OverseerTaskProcessor can process messages out of order





      Collection API and ConfigSet API messages can be processed out of order by the OverseerTaskProcessor/OverseerCollectionConfigSetProcessor because of the way locking is handled.


      Some context:

      The Overseer task processor dequeues messages from the Collection and ConfigSet Zookeeper queue at /overseer/collection-queue-work and hands processing to an executor pool with 100 max parallel tasks (ClusterStateUpdater on the other hand uses a single thread consuming and processing the /overseer/queue and does not suffer from the problem described here).

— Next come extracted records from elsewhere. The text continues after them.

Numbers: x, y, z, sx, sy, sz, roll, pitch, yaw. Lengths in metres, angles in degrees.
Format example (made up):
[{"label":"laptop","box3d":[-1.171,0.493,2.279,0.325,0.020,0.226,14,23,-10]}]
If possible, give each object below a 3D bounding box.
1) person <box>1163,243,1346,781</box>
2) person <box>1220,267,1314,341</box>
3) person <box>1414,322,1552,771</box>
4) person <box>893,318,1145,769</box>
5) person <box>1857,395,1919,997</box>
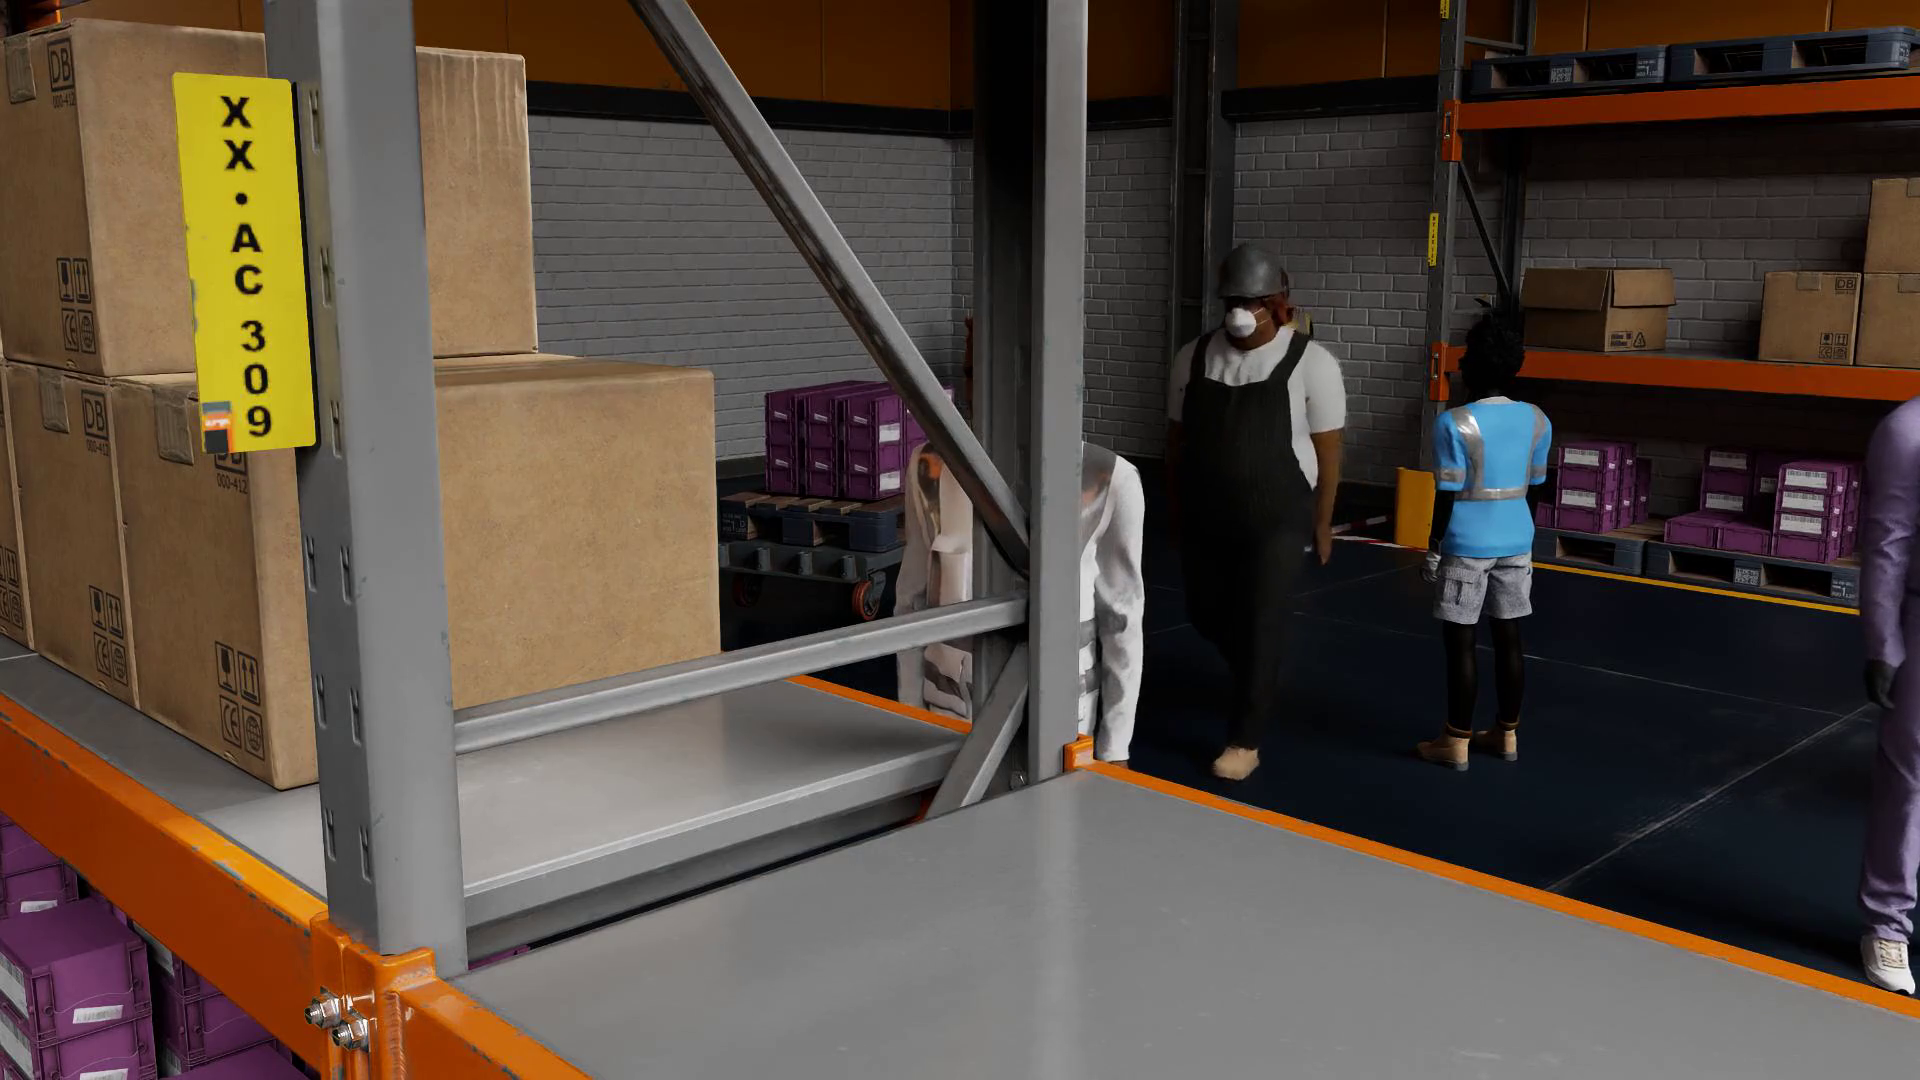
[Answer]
[{"label":"person","box3d":[1.129,-0.160,6.415,0.688,2.000,0.829,6,12,31]},{"label":"person","box3d":[1.927,-0.801,10.455,0.625,1.843,0.430,-2,11,-9]},{"label":"person","box3d":[1.982,0.027,6.326,0.540,1.700,0.316,-5,11,-25]},{"label":"person","box3d":[0.115,0.415,3.706,0.573,1.885,0.357,4,11,22]},{"label":"person","box3d":[2.718,0.283,4.396,0.645,1.900,0.399,1,10,7]}]

      Locking prevents tasks modifying the same or related data from running concurrently. For the Collection API, locking can be done at CLUSTER, COLLECTION, SHARD or REPLICA level and each command has its locking level defined in CollectionParams.CollectionAction.

      Multiple tasks for the same or competing locking levels do not execute concurrently. Commands locking at COLLECTION level for the same collection (for example CREATE creating a collection, CREATEALIAS creating an alias for the collection and CREATESHARD creating a new shard for the collection) will be executed sequentially, and it is expected that they are executed in submission order. Commands locking at different levels are also serialized when needed (for example changes to a shard of a collection and changes to the collection itself).


      The issue:

      The way OverseerTaskProcessor.run() deals with messages that cannot be executed due to competing messages already running (i.e. lock unavailable) is not correct. The method basically iterates over the set of messages to execute, skips those that can’t be executed due to locking and executes those that can be (assuming enough remaining available executors).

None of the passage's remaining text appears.